General Electric announced this week that it has signed a two-year contract with Masdar City for purposes of testing their newest generation of appliances, with installation schedule to be completed early next year.
GE's ‘smart' appliances have undergone testing right here in the U.S. of A., in Kentucky homes, since their inception in October 2008. Come January 2010, these same refrigerators and ovens will find themselves across the Atlantic, installed in the kitchens of 10 residences in Abu Dhabi's highly-anticipated green community.
The appliances to be tested include stoves, refrigerators, and European-style washer/dryer machines that run on 220volt/50HZ platforms. Installation will include the appliances in the ten chosen homes, as well as a centralized communication system between each appliance and the city's power grid.
The crux of the ‘smart' appliance — and what puts it in a league of its own — is its network feature to an energy manager that creates a centralized communications hub between the appliance and a home smart meter. (GE's testing in Masdar will allow appliances to communicate with the city's version of a smart meter.)
GE unveiled their plans for the ‘kitchen of the future' in July 2009 from their upstate New York research facility. A ‘smart' refrigerator, stove, or dishwasher transmits real-time data to a central ‘smart meter.' The meter basically sends signals to a particular appliance based on price cues it is sent by the utility, allowing the meter to determine which hours of the day are considered peak energy usage times.
The appliance avoids running nonessential functions during peak energy usage hours, or they go into conservation mode. Conversely, appliances can switch modes to higher levels to perform energy-demanding tasks, (like a fridge making ice or running a routine defrost cycle), at off-peak times — say, in the middle of the night.
Though most homes only have one or two of each major appliance, the total energy use of thousands of high-energy sapping appliances — especially those that use heat, like clothes dryers and dishwashers — has a monumental impact.
"About 250,000 homes running their electric dryers is the equivalent to 600 megawatts of electricity use, about the same as one coal plant," says Venkatakrishan, director of research and development at GE Appliances.
Full inhabitance is projected for Masdar in 2013, so the city's grid will simulate would-be peak usage strains with projected population to test the appliances and the system.
So why would America's leading utility move its testing sites from Louisville homes to Masdar City?
Masdar City aims to be the first zero-pollution, zero-waste city in the world and a model for sustainable architecture. It projects capability to house 47,500 people — people who are delivered energy via the city's solar photovoltaic power plant, with solar canopies that provide shade as well as power. Its inhabitants will not use cars, but rather get around via electric rail.

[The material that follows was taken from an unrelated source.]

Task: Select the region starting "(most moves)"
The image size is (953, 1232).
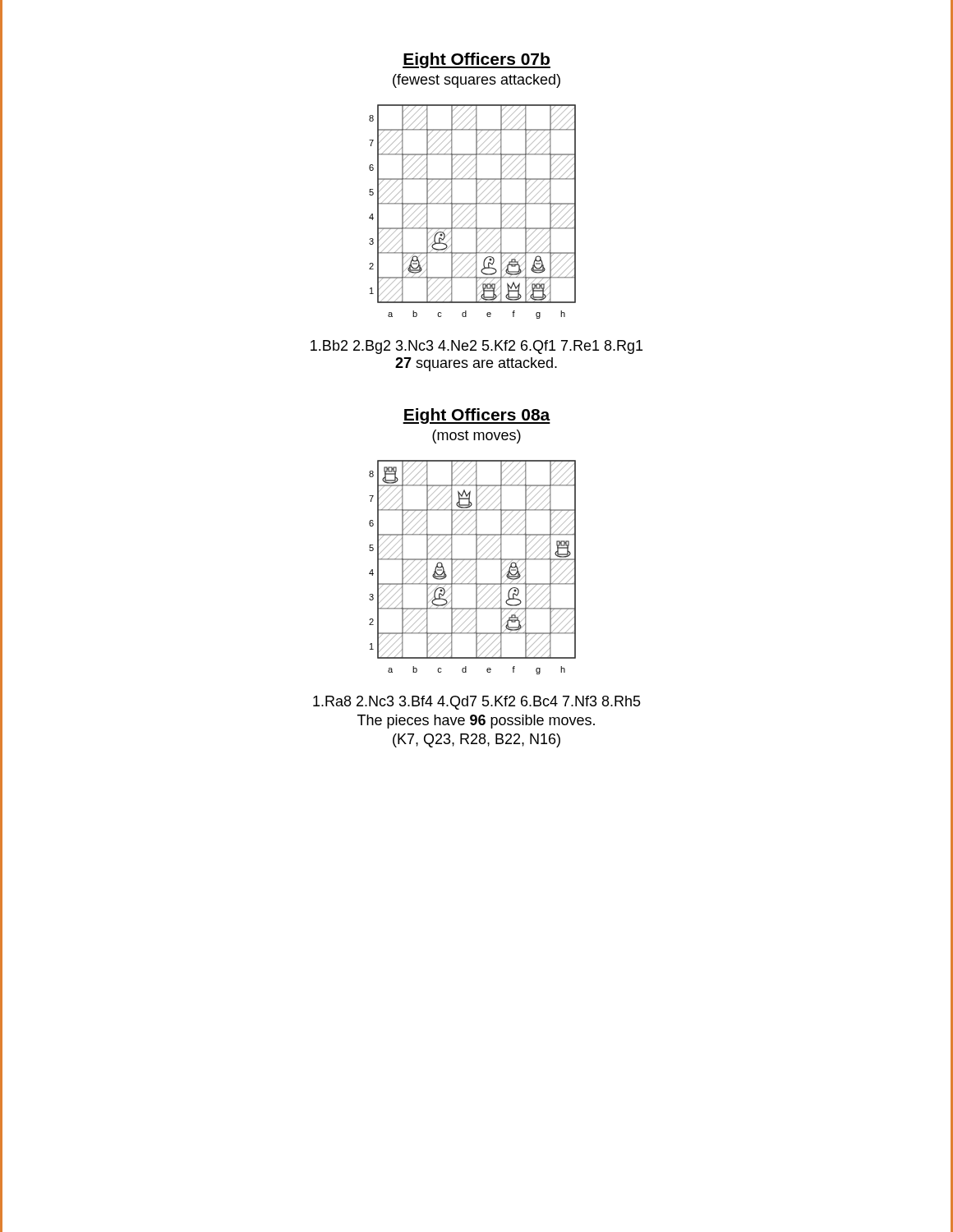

The Masdar Institute of Science and Technology, a post-graduate research center in collaboration with the Massachusetts Institute of Technology, will call Masdar City home, along with numerous research facilities for sustainable technology and living.
It makes perfect sense to me. . . the cleanest, greenest city in the world will of course also be equipped with the smartest and most efficient technology, including kitchen appliances.
But when the model of Masdar City was unveiled at the World Future Energy Summit in Abu Dhabi last January, there was an ironic undertone: this city, projected to be the cleanest city in the world, is situated in a place best know for its oil.
Irony aside, ground broke in February 2008 for construction. . . and this week, General Electric has faith in the future and in Masdar's laid claims.
It is appropriate — and telling — that a company at the forefront of energy efficiency for the machines consumers depend on most has chosen this place as its host site for testing.